STUDY MATERIAL.
Start of Block

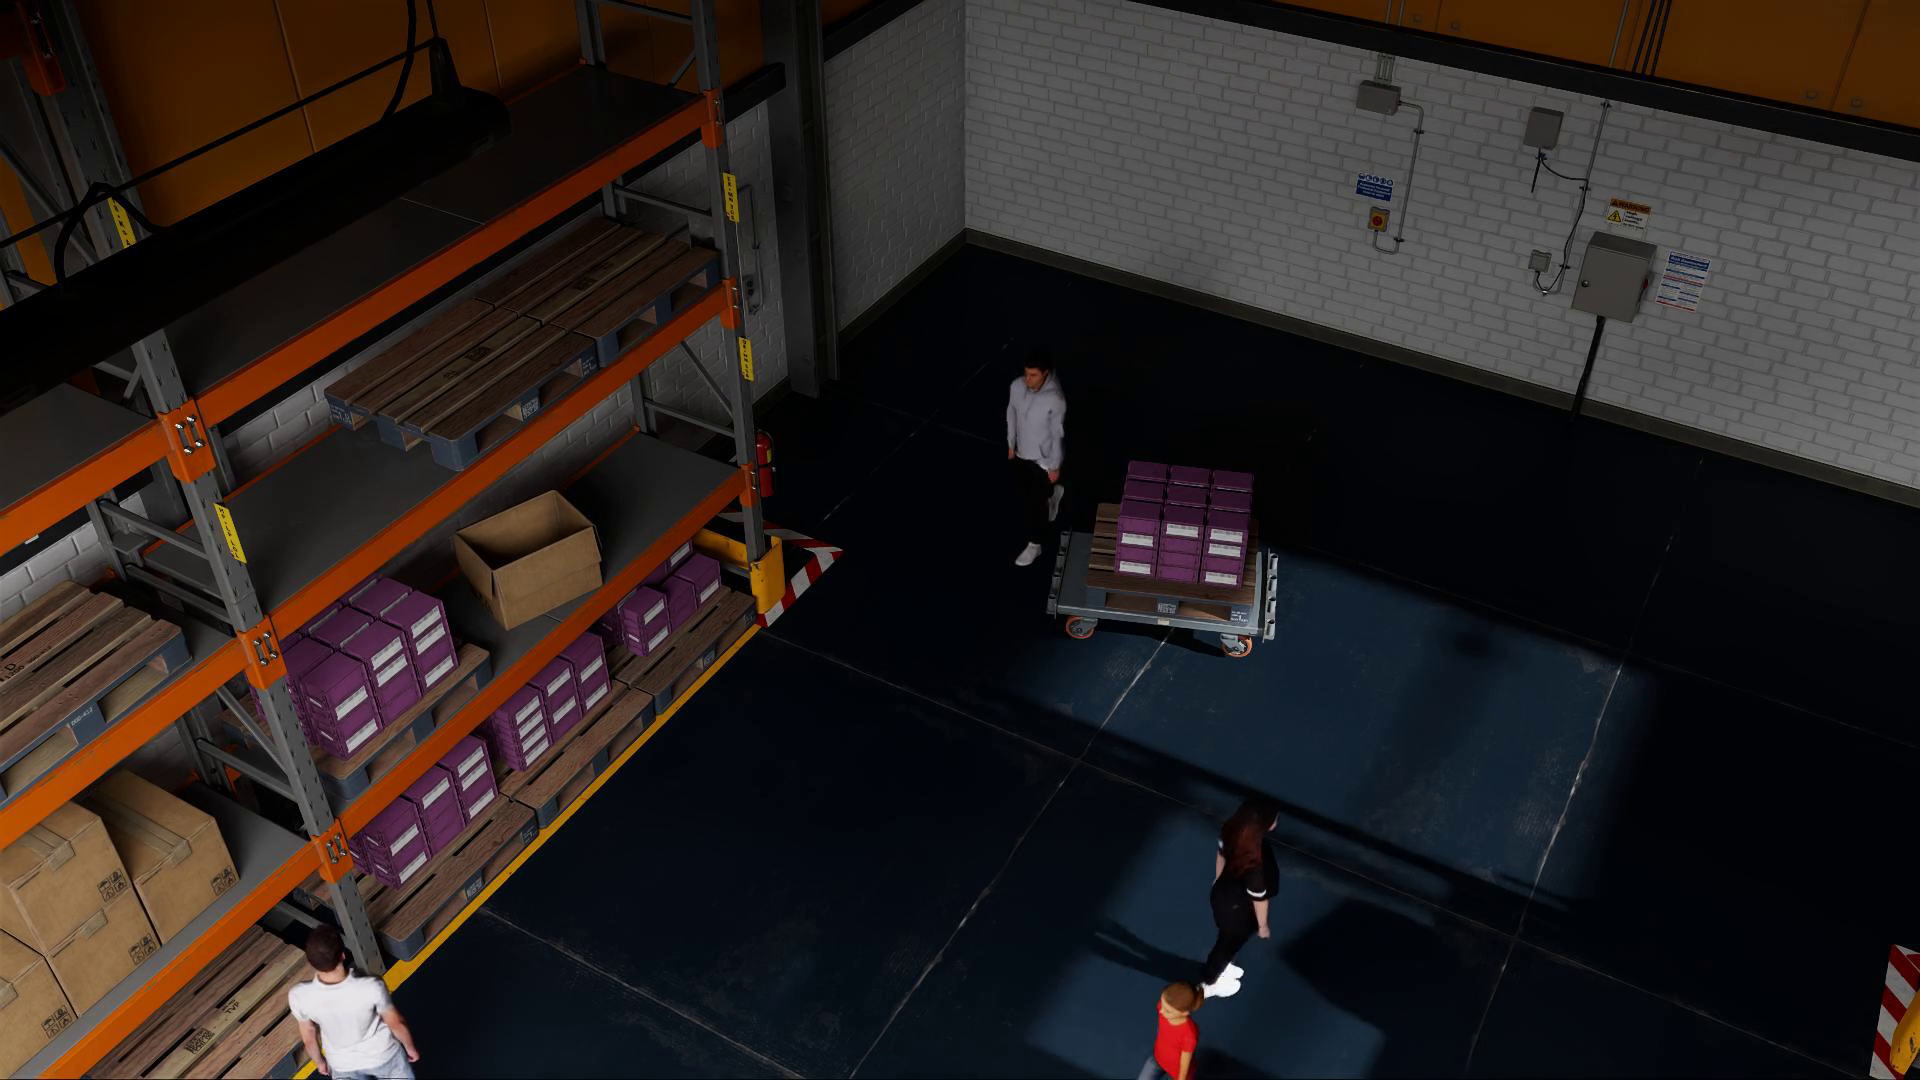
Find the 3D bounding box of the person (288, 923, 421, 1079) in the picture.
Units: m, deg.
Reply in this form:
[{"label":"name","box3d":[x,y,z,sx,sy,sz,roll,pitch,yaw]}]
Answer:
[{"label":"person","box3d":[-3.038,2.634,8.478,0.750,1.852,0.785,-6,39,-7]}]

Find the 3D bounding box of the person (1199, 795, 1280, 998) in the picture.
[{"label":"person","box3d":[1.488,2.060,9.378,0.774,1.626,0.703,-7,39,-8]}]

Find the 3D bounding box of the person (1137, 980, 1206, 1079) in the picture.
[{"label":"person","box3d":[1.183,2.739,8.788,0.609,1.301,0.560,-22,44,-25]}]

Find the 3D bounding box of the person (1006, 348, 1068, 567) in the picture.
[{"label":"person","box3d":[0.649,-0.695,12.608,0.771,1.901,1.004,27,46,29]}]
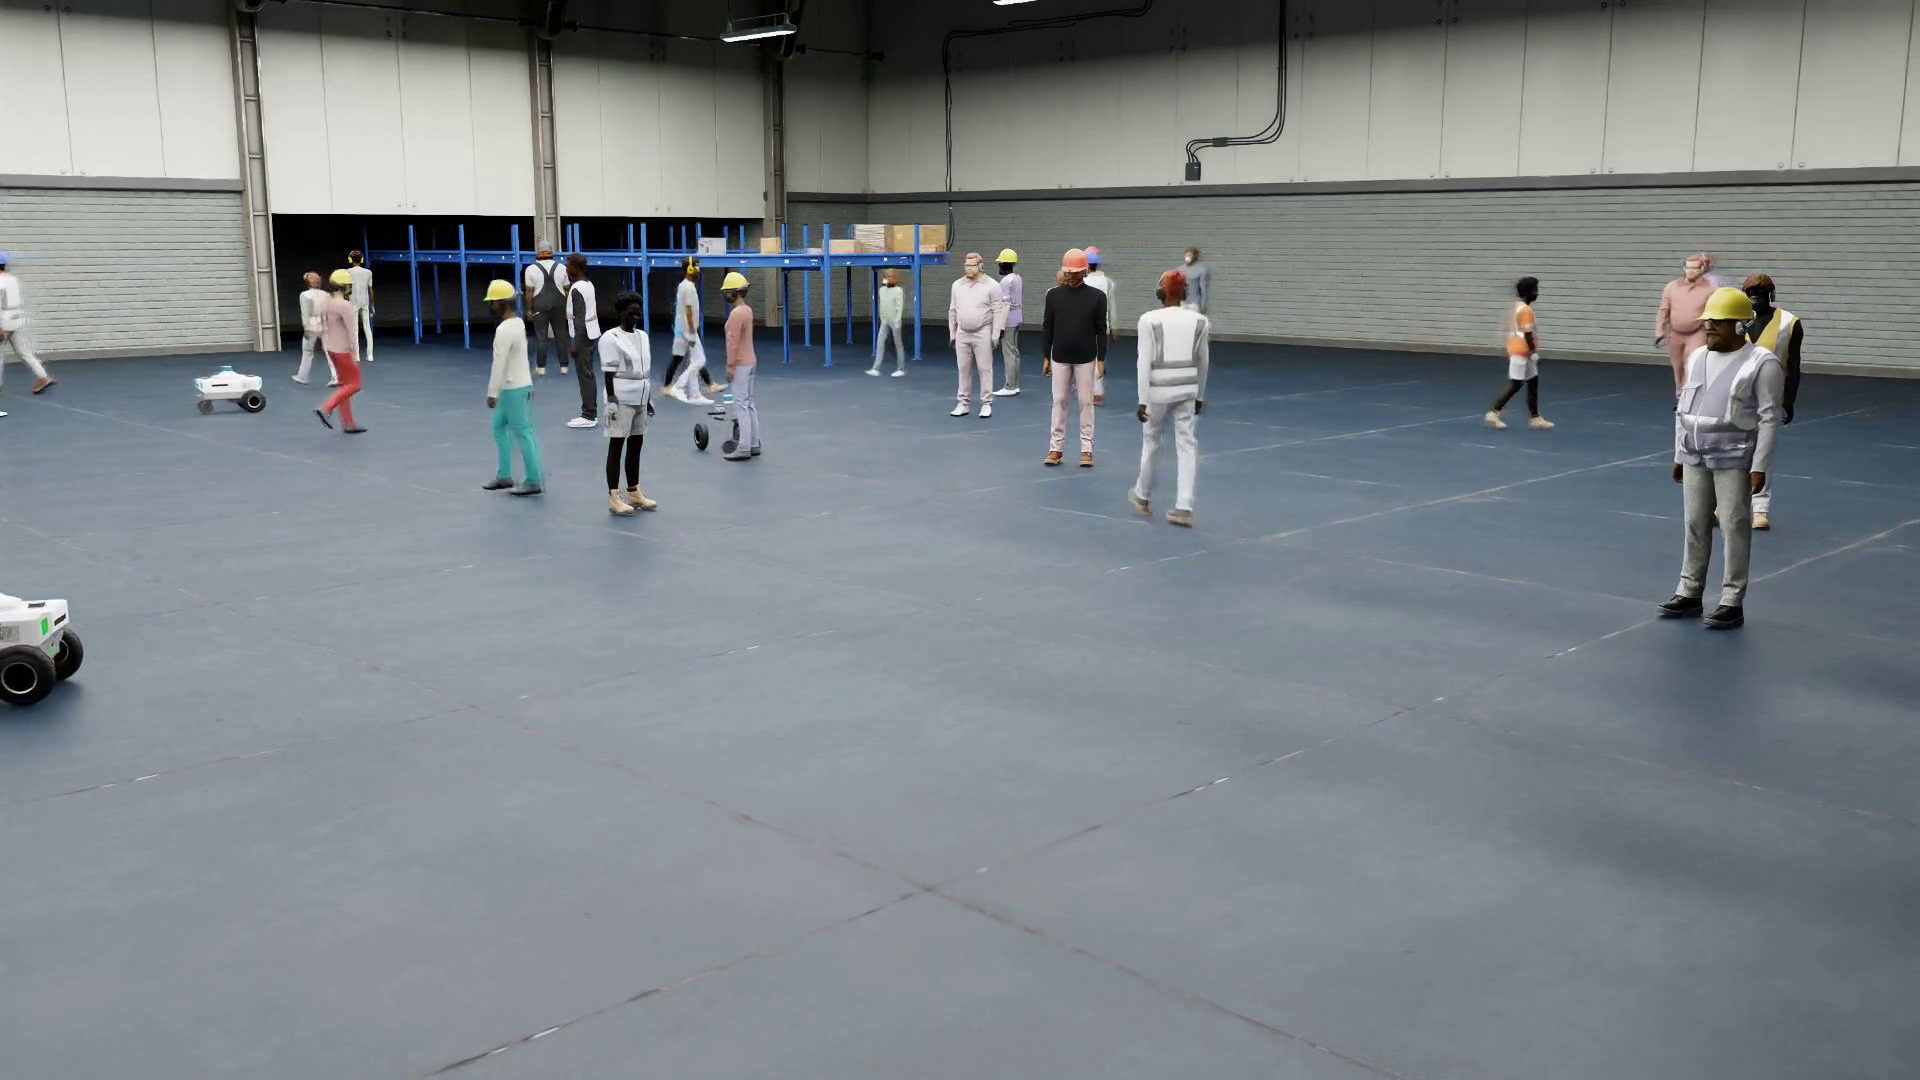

End of Block

Whatever pictures the entries contain, omit them, and write the rest out exactly.

RESPONSE TO THIS EXERCISE.
Find the 3D bounding box of the person (288, 923, 421, 1079) in the picture.
Units: m, deg.
Reply in this form:
[{"label":"name","box3d":[x,y,z,sx,sy,sz,roll,pitch,yaw]}]
Answer:
[{"label":"person","box3d":[-3.038,2.634,8.478,0.750,1.852,0.785,-6,39,-7]}]

Find the 3D bounding box of the person (1199, 795, 1280, 998) in the picture.
[{"label":"person","box3d":[1.488,2.060,9.378,0.774,1.626,0.703,-7,39,-8]}]

Find the 3D bounding box of the person (1137, 980, 1206, 1079) in the picture.
[{"label":"person","box3d":[1.183,2.739,8.788,0.609,1.301,0.560,-22,44,-25]}]

Find the 3D bounding box of the person (1006, 348, 1068, 567) in the picture.
[{"label":"person","box3d":[0.649,-0.695,12.608,0.771,1.901,1.004,27,46,29]}]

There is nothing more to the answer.